Esther Rofe (14 March 1904 – 26 February 2000) was an Australian musician and composer.

==Biography==
Esther Rofe was born in 1904 in Melbourne, Australia.

Rofe studied piano with Harold C. Smith and Ada Freeman and violin with Alberto Zelman, Jr. Rofe studied composition with Fritz Hart and A.E. Floyd.

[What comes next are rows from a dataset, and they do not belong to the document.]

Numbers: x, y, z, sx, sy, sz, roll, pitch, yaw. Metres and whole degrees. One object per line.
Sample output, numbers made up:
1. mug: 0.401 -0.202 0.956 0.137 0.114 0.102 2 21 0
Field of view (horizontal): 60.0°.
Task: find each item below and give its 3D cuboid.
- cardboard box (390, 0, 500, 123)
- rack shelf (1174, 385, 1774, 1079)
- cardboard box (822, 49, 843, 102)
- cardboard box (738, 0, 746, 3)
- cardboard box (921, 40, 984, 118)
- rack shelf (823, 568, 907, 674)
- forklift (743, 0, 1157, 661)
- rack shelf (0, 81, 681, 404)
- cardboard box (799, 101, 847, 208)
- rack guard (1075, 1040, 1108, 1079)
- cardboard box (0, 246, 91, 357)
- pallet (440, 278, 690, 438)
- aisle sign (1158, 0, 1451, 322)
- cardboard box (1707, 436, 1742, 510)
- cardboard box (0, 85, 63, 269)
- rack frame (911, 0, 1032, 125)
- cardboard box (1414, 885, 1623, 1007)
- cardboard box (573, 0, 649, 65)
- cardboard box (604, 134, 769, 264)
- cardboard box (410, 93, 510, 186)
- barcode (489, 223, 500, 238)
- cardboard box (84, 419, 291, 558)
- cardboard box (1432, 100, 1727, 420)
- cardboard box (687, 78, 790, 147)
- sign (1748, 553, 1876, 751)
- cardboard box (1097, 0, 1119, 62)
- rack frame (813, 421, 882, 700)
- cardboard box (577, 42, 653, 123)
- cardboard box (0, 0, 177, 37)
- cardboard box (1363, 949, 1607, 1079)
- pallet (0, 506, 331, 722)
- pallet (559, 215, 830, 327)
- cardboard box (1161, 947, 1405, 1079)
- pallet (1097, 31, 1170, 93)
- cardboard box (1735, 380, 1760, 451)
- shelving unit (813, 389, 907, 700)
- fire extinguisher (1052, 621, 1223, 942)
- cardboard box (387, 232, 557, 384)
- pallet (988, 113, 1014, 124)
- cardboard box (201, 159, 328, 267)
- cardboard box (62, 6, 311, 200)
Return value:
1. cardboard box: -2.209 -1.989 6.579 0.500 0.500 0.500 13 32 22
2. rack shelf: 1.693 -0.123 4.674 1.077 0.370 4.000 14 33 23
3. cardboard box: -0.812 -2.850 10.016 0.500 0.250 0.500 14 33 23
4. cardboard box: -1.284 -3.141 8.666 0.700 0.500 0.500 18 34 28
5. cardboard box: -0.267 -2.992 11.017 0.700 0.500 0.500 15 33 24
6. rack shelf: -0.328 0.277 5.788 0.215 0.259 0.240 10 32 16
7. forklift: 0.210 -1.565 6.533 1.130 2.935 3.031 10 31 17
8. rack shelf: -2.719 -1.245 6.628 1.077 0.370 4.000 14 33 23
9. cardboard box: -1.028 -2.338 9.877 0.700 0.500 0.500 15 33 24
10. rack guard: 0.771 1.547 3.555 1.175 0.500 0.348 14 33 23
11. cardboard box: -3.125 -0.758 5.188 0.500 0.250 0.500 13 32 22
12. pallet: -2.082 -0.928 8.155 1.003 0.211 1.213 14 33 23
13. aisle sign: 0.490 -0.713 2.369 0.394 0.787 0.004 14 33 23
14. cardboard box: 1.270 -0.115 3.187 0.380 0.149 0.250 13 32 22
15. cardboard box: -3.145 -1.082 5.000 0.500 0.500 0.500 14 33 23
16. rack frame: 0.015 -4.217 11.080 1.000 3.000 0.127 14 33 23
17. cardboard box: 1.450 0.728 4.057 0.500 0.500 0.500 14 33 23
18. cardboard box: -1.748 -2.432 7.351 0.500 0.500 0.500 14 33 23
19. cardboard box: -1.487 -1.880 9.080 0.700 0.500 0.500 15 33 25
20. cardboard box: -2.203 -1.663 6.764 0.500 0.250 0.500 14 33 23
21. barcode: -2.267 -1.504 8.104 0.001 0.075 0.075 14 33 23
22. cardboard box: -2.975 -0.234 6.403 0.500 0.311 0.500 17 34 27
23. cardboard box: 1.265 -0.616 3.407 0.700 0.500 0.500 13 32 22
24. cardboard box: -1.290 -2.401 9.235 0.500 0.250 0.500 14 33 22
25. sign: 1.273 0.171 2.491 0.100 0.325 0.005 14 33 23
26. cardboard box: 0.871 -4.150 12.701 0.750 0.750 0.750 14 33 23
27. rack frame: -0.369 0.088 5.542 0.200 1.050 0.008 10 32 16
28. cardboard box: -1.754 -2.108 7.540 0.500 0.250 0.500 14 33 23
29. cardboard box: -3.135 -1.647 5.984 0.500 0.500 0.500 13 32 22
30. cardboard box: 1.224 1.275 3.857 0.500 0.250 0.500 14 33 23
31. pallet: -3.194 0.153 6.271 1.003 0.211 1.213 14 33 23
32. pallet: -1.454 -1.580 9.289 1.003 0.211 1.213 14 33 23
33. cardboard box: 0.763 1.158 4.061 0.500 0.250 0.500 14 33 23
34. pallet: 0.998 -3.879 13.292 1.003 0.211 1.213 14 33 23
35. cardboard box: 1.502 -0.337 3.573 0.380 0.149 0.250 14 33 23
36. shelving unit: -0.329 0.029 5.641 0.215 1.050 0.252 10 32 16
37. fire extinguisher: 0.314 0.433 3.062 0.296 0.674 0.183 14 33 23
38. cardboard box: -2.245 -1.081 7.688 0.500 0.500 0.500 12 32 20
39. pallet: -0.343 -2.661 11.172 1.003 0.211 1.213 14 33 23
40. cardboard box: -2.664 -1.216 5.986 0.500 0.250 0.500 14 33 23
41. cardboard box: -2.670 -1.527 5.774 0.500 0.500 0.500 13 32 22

At age 13, Rofe appeared with the Melbourne Symphony Orchestra. She entered the Royal College of Music in London and studied with Gordon Jacob, Ralph Vaughan Williams and R.O. Morris.

During World War II Rofe worked at the Australian Broadcasting Commission (ABC), and the Colgate-Palmolive Radio Unit in Sydney where she began arranging and composing music. Rofe began composing for ballet in 1943.

The Esther Rofe Songbook was published in Melbourne in December 1999.

Rofe and her sister Edith moved to Southport where Rofe lived and worked for twenty years by the sea.

Rofe never married, but fostered a child, Carden James Rofe. Carden had two sons – Hamer Rofe and Malcolm Rofe.

Rofe died on 26 February 2000 and Hamer Rofe & his ex-wife Cathy Rofe, Malcolm Rofe and his wife Christina Rofe scattered her ashes in the Lune River in Southport Bay.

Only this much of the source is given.